What is a ‘comfortable retirement’?

Swan said while the six-year delay in achieving a 12 per cent increase came at a cost to Australian superannuation balances, the benefits are greater from having finally reached that milestone.
“For someone who’s, say, 30 years old now, it’s going to mean an extra $130,000 in their retirement,” he said.
That follows recent modelling by the Association of Superannuation Funds of Australia (ASFA).
The super peak body’s retirement standard for June 2025 projects a 30-year-old today on the median wage of $75,000 and a $30,000 super balance would witness that figure rise to $610,000 by the retirement age of 67.

This amount exceeds ASFA’s estimate of the $595,000 needed to afford a comfortable retirement for singles and $690,000 for couples.

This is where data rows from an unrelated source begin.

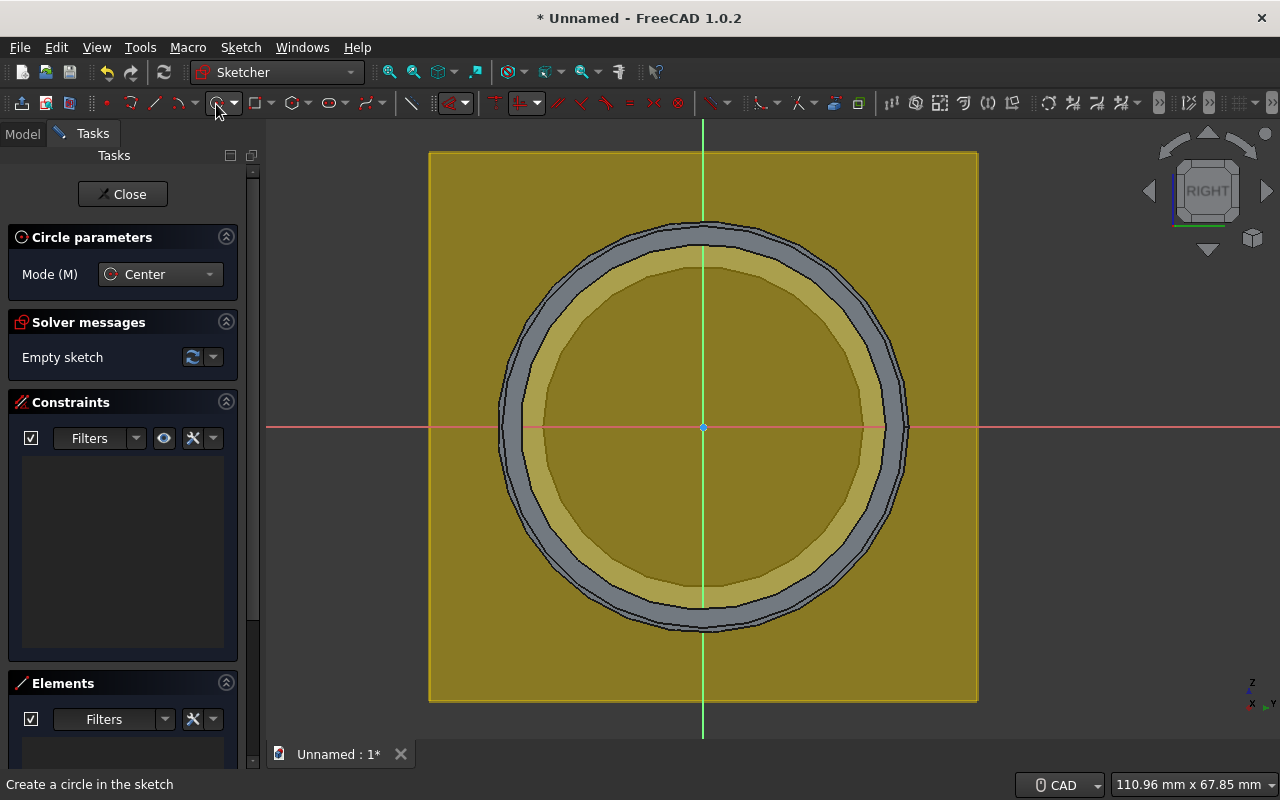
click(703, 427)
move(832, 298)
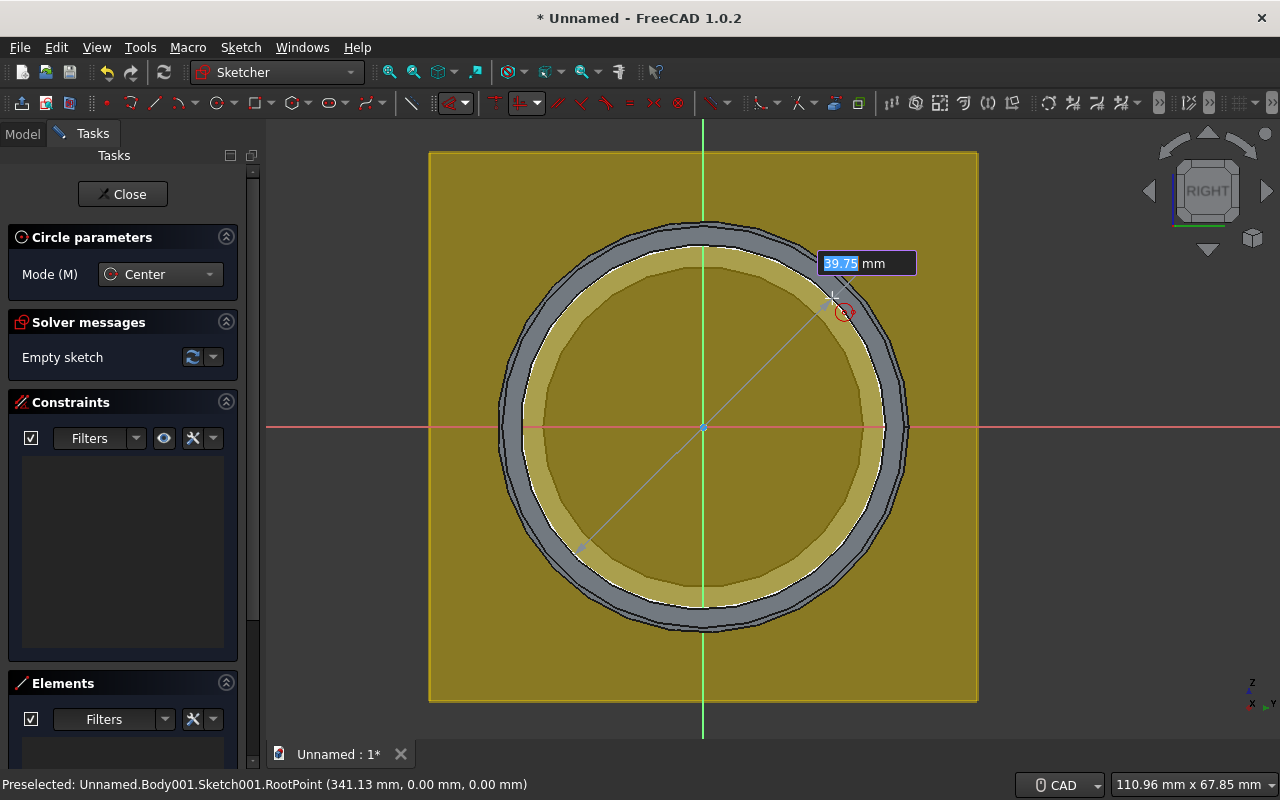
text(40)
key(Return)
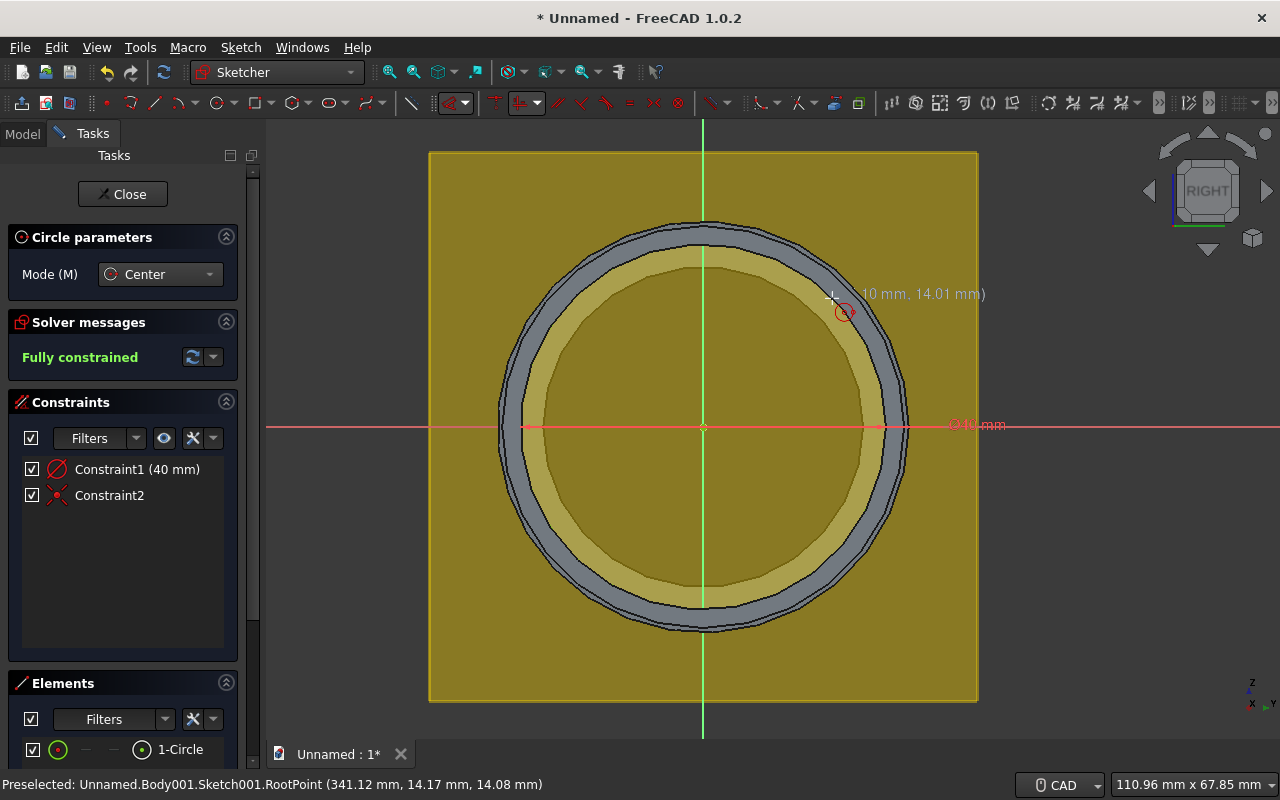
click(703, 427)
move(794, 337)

ASFA defines a ‘comfortable’ retirement as someone who owns their home outright, is in good health, can afford top-level private health insurance, has a good car, and engages in a range of leisure and recreational activities, including taking one domestic trip a year and one international trip every seven years.

Business concerns

There are concerns that a string of 1 July changes, including the increase to the superannuation guarantee levy, could hit businesses and place further pressure on cash flow.

Luke Achterstraat, CEO, Council of Small Business Organisations Australia, said: “The increase of the superannuation guarantee comes at a time when award rates have also increased 3.5 per cent, national productivity is in decline, and payroll tax and workers’ compensation insurance will also increase.”

A stack of coins is placed over Australian currency notes.

There are concerns that an increase to the superannuation guarantee levy and other changes that took effect on 1 July could negatively impact small businesses and further pressure their cash flow. Source: AAP

“This puts small businesses between a rock and a hard place, needing to either absorb or pass on these costs to consumers,” Achterstraat said.

Beyond 12 per cent: Where to from here?

The 0.5 per cent increase to 12 per cent is the last one legislated by the Australian government.
However, with life expectancy improving, would we need more in our nest egg, and is there a case for raising the superannuation guarantee even further?
“I think there’s going to be a debate about whether we need to go above 12 per cent,” Swan said.
“I think 12 per cent can certainly guarantee quite a dignified retirement for all Australians, but that will be a discussion that will be had in the years ahead.”